Jannis Limperg (Jan 21 2025 at 16:42):

Finally getting to this, sorry for the delay.

Artie Khovanov said:

Is there a way of seeing what lemmas are in a particular Aesop ruleset? Say, SetLike?

#aesop_rules SetLike will show you the rules in the SetLike rule set. #aesop_rules by itself will show you the rules in all available rule sets.

Artie Khovanov said:

Ah! Aesop applies a 10% priority penalty to safe rules that introduce new metavariables (eg in filling an existential), but not to unsafe rules that do the same. The traces of test_1 and test_3 are identical!
Perhaps this behaviour should be made uniform across safe and unsafe rules?

This sounds very reasonable. aesop#191

I'll look at the SetLike PR. Thank you very much for your efforts, @Artie Khovanov!

Jannis Limperg (Jan 21 2025 at 17:01):

Reviewed the PR.

Artie Khovanov (Jan 21 2025 at 18:00):

@Jannis Limperg what do you think of the pattern @[simp, aesop safe apply], to maintain metavariable capabilities?
I had tried just changing all aesop safe apply in the ruleset SetLike to simp, but a couple of proofs broke because they were using aesop rules to fill "obvious" existentials (in both cases, nonemptiness assertions).

Jannis Limperg (Jan 21 2025 at 18:19):

Ah!

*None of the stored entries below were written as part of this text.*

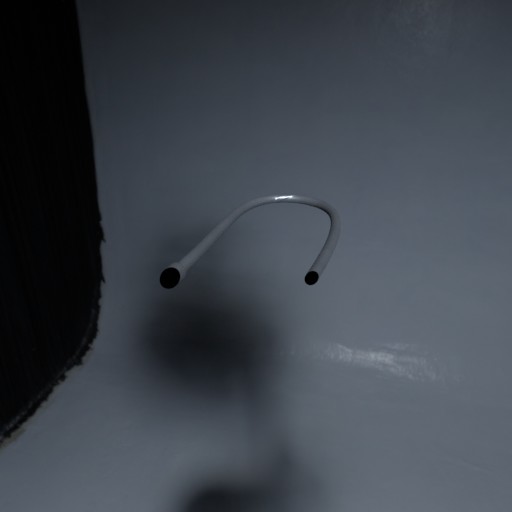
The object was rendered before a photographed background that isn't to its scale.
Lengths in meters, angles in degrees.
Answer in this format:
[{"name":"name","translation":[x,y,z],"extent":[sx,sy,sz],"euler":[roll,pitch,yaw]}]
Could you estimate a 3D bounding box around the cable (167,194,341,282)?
[{"name":"cable","translation":[0.000,0.000,0.110],"extent":[0.041,0.005,0.098],"euler":[8,27,16]}]

Very interesting; I hadn't considered this use case. Yes, with metavariables around, simp + aesop safe makes sense.

Jannis Limperg (Jan 21 2025 at 18:23):

Could you add a note about this to the design notes (if it isn't already there)?

Artie Khovanov (Jan 21 2025 at 23:44):

I'll go back and apply the pattern to all the aesop safe rules that really are safe to apply. I don't think there's a meaningful performance decrease compared to tagging only with simp.

Artie Khovanov (Jan 21 2025 at 23:51):

@Jireh Loreaux what is the "SetLike tactic" mentioned in Mathlib/Tactic/SetLike?

Artie Khovanov (Jan 21 2025 at 23:52):

I am very confused. I thought SetLike was an Aesop ruleset?

Jireh Loreaux (Jan 22 2025 at 00:24):

I was going to make a separate tactic, and then was convinced that it should just be a rule set. If there's reference to a tactic somewhere you can probably remove it. I don't have time to think about it at the moment though. Maybe in a few days.

Artie Khovanov (Jan 22 2025 at 00:26):

It's just a reference in some documentation, and I'm writing up full documentation for the SetLike ruleset. I'll invite you to review the PR for when you have a moment; it's not getting merged anytime soon.